Located at the base of Mount Meru, the city gives you endless views of this iconic mountain, as well as Mount Kilimanjaro. From Arusha and Moshi, you can easily access and climb these two majestic peaks with Uhuru Trails by African Mecca or spend the day at Arusha National Park or even the west plains of Kilimanjaro National Park for a game drive tour of the Amboseli ecosystem.

In addition to safari in Tanzania, Arusha is also known for being a significant business center, and its role in diplomatic affairs is represented by the presence of the International Criminal Tribunal for many of the governments in East Africa. You will also find an intriguing blend of cultures in Arusha, such as Swahili, Indians, Europeans, Americans and local native peoples like the Waarusha. With so many cultures in one metropolis, you also have the chance to sample foods from around the world, as well as local favourites. Arusha offers street cafes, restaurants and bars where you can savour African and international cuisine, wines and beers. From Arusha airport you can easily connect to the nearby East African regions like Uganda, Democratic republic of Congo in Central or Rwanda for the gorilla trekking safaris experience in Africa.

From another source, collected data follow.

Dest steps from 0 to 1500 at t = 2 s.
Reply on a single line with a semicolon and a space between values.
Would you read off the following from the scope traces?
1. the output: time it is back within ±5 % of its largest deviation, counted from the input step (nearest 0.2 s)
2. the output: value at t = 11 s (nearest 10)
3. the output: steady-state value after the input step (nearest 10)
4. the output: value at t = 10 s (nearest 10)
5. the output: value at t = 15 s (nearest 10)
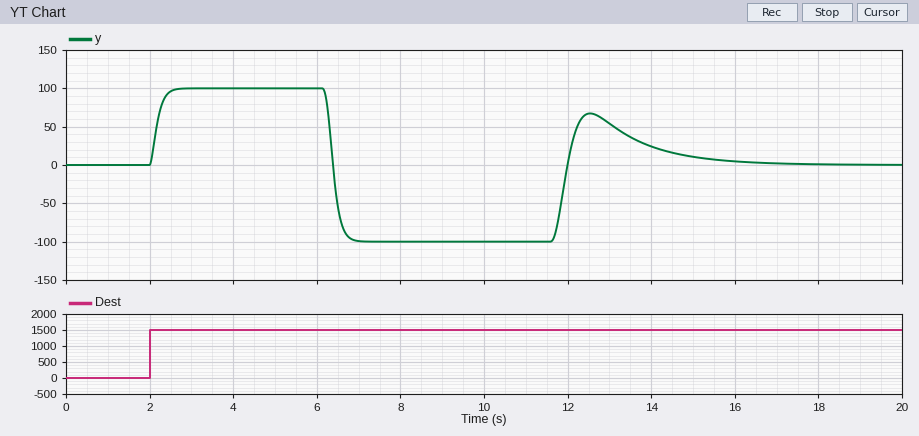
14.0 s; -100; 0; -100; 10
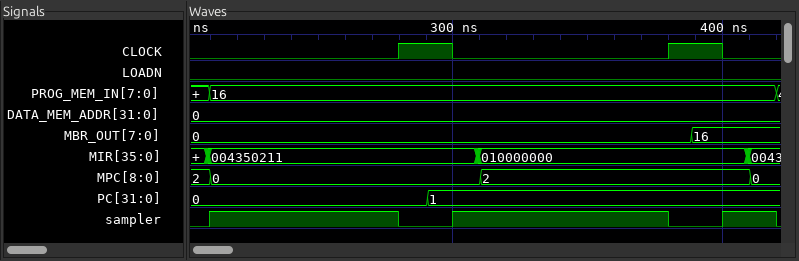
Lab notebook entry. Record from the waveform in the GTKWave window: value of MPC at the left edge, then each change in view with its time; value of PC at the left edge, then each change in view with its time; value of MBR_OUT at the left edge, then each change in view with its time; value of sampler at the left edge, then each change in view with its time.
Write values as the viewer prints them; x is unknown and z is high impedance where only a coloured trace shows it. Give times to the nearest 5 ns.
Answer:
2, 0 at 210 ns, 2 at 310 ns, 0 at 410 ns
0, 1 at 290 ns
0, 16 at 390 ns
0, 1 at 210 ns, 0 at 280 ns, 1 at 300 ns, 0 at 380 ns, 1 at 400 ns, 0 at 420 ns
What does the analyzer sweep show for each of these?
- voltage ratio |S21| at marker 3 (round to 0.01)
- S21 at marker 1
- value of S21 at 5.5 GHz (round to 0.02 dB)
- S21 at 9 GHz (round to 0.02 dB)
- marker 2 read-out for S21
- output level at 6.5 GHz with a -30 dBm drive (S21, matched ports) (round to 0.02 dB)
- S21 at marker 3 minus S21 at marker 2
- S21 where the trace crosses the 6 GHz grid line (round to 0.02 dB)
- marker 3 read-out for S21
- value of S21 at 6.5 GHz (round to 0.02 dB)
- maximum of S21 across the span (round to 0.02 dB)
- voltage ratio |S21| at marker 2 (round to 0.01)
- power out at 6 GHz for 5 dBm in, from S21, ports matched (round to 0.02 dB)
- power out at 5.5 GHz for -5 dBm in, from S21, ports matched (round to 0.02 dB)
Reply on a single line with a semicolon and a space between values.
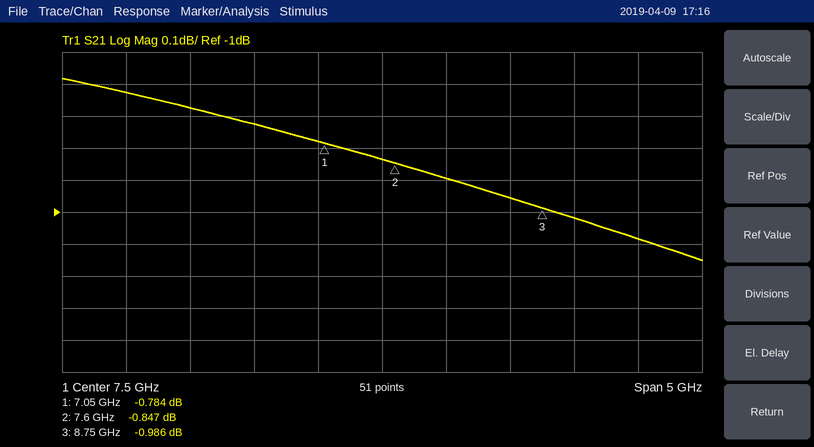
0.89; -0.784 dB; -0.62 dB; -1.02 dB; -0.847 dB; -30.72 dBm; -0.139 dB; -0.68 dB; -0.986 dB; -0.72 dB; -0.58 dB; 0.91; 4.32 dBm; -5.62 dBm

The convenient shops, Maasai Market, farmers market, museums and historic sites within the city allow you to explore almost endlessly. Local communities offer their wares and produce at the street markets, and you may even participate in workshops to learn traditional skills, such as Makonde carving. To learn more about the native peoples in the region, you may choose one of many Arusha cultural programs that are available, or you may spend some time working with the community programs that support efforts to enhance the quality of life for Tanzanians.

Sightseeing Arusha during your safari holiday in East Africa gives you the opportunity to experience the rich historical attractions and cultural heritage of the city. Whether you want to learn about the earliest signs of mankind, learn about the city’s history or interact with the local peoples, there are many ways to enjoy your exploratory trip in Arusha. The Clock Tower in Arusha sits at the halfway point between Cairo and Cape Town.

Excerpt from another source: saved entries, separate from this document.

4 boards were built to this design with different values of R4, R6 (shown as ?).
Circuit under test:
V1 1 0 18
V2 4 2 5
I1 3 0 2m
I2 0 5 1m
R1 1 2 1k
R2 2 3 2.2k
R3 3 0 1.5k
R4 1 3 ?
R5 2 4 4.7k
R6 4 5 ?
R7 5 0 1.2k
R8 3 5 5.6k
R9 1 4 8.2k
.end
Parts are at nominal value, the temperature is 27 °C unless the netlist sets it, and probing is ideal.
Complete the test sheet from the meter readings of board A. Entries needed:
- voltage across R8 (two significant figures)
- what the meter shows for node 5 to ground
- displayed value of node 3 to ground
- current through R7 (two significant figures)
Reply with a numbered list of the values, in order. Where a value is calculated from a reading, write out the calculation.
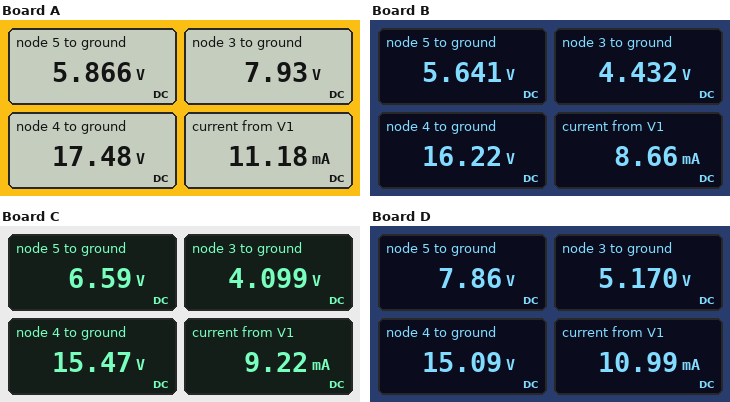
1. 7.93 V - 5.866 V = 2.1 V
2. 5.866 V
3. 7.93 V
4. (5.866 V) / 1.2 kΩ = 4.9 mA
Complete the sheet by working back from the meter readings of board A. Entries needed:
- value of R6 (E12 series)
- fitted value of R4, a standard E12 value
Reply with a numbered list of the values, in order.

1. 3.3 kΩ
2. 1.8 kΩ
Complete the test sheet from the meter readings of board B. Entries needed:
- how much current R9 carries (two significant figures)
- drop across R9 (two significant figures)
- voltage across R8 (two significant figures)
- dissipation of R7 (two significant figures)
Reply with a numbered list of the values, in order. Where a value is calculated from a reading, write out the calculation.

1. (18 V - 16.22 V) / 8.2 kΩ = 220 µA
2. 18 V - 16.22 V = 1.8 V
3. 5.641 V - 4.432 V = 1.2 V
4. (5.641 V)^2 / 1.2 kΩ = 27 mW
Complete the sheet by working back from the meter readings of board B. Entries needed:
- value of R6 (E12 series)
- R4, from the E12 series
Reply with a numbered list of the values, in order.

1. 2.7 kΩ
2. 8.2 kΩ
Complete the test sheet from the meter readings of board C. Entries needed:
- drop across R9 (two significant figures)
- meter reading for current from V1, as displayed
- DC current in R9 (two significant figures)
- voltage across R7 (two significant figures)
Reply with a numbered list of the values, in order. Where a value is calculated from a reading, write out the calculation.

1. 18 V - 15.47 V = 2.5 V
2. 9.22 mA
3. (18 V - 15.47 V) / 8.2 kΩ = 310 µA
4. 6.59 V = 6.6 V
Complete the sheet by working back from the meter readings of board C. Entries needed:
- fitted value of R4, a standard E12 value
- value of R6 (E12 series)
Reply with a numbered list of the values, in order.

1. 10 kΩ
2. 1.8 kΩ
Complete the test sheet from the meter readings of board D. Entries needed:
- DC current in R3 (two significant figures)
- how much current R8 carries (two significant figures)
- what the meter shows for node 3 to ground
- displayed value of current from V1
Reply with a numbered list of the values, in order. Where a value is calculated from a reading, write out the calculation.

1. (5.17 V) / 1.5 kΩ = 3.4 mA
2. (7.86 V - 5.17 V) / 5.6 kΩ = 480 µA
3. 5.170 V
4. 10.99 mA
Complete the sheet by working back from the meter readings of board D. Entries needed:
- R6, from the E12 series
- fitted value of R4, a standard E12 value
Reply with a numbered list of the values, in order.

1. 1.2 kΩ
2. 4.7 kΩ

Today, the tower marks the central business district of the city. The tower was built by a Greek resident and is the oldest landmark in the city. You may also choose from several cultural tourism programs around or close to Arusha to learn about the local peoples. These full-day tours takes you to the best places to visit the local villages where you will learn about farming, craftsmanship, family structures, traditions and much more.

From Arusha, your northern Tanzanian tour of Serengeti and Ngorongoro may include Olduvai Gorge and Laetoli, a prime pale anthropological site, where one of the oldest hominid fossil bones, tools and footprints were found by varied archaeologists including the Leakeys’. The Museum of Natural History in Arusha is a good place to start and features many photo exhibits of the digs, as well as other print relics from Tanzania’s history.

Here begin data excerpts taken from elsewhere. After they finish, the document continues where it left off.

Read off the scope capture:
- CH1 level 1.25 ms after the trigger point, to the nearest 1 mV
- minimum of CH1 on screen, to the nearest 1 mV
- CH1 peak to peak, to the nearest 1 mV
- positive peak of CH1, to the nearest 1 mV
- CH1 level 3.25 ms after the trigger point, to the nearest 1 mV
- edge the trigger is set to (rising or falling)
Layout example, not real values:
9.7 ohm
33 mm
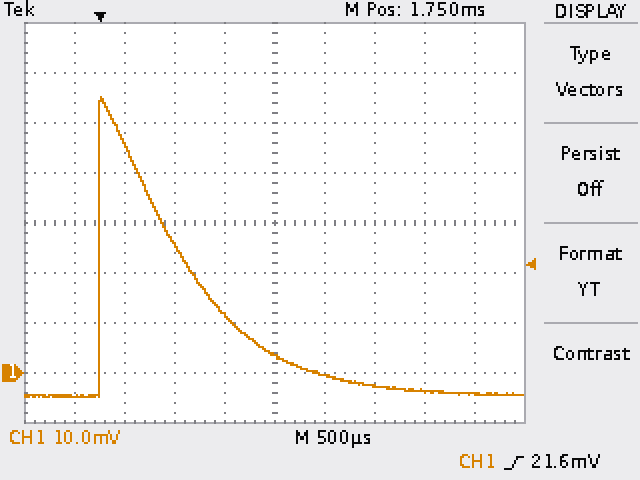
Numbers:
12 mV
-5 mV
60 mV
55 mV
-4 mV
rising

Tanzanite, a blue-purple gemstone, is not only spectacular, but it is also rare. The stone is only found in Tanzania, and the Tanzanite Experience Store is where you may interest yourself and learn all about the mining and properties of the gemstone. The Maasai Market, Central Market and Tinga Tinga shops in Arusha display the craftsmanship and artwork of the native peoples of Tanzania. You may buy souvenirs for yourself or gifts for friends and family back home. The Shanga Shangaa Project is a local community program that helps Tanzanians who struggle with disabilities to learn new skills and gain confidence in their abilities. Your discerning tour of Arusha with African Mecca may include a visit to this valuable and heart-touching program. The Meserani Snake Park may be a fascinating part of your nature travels in Africa.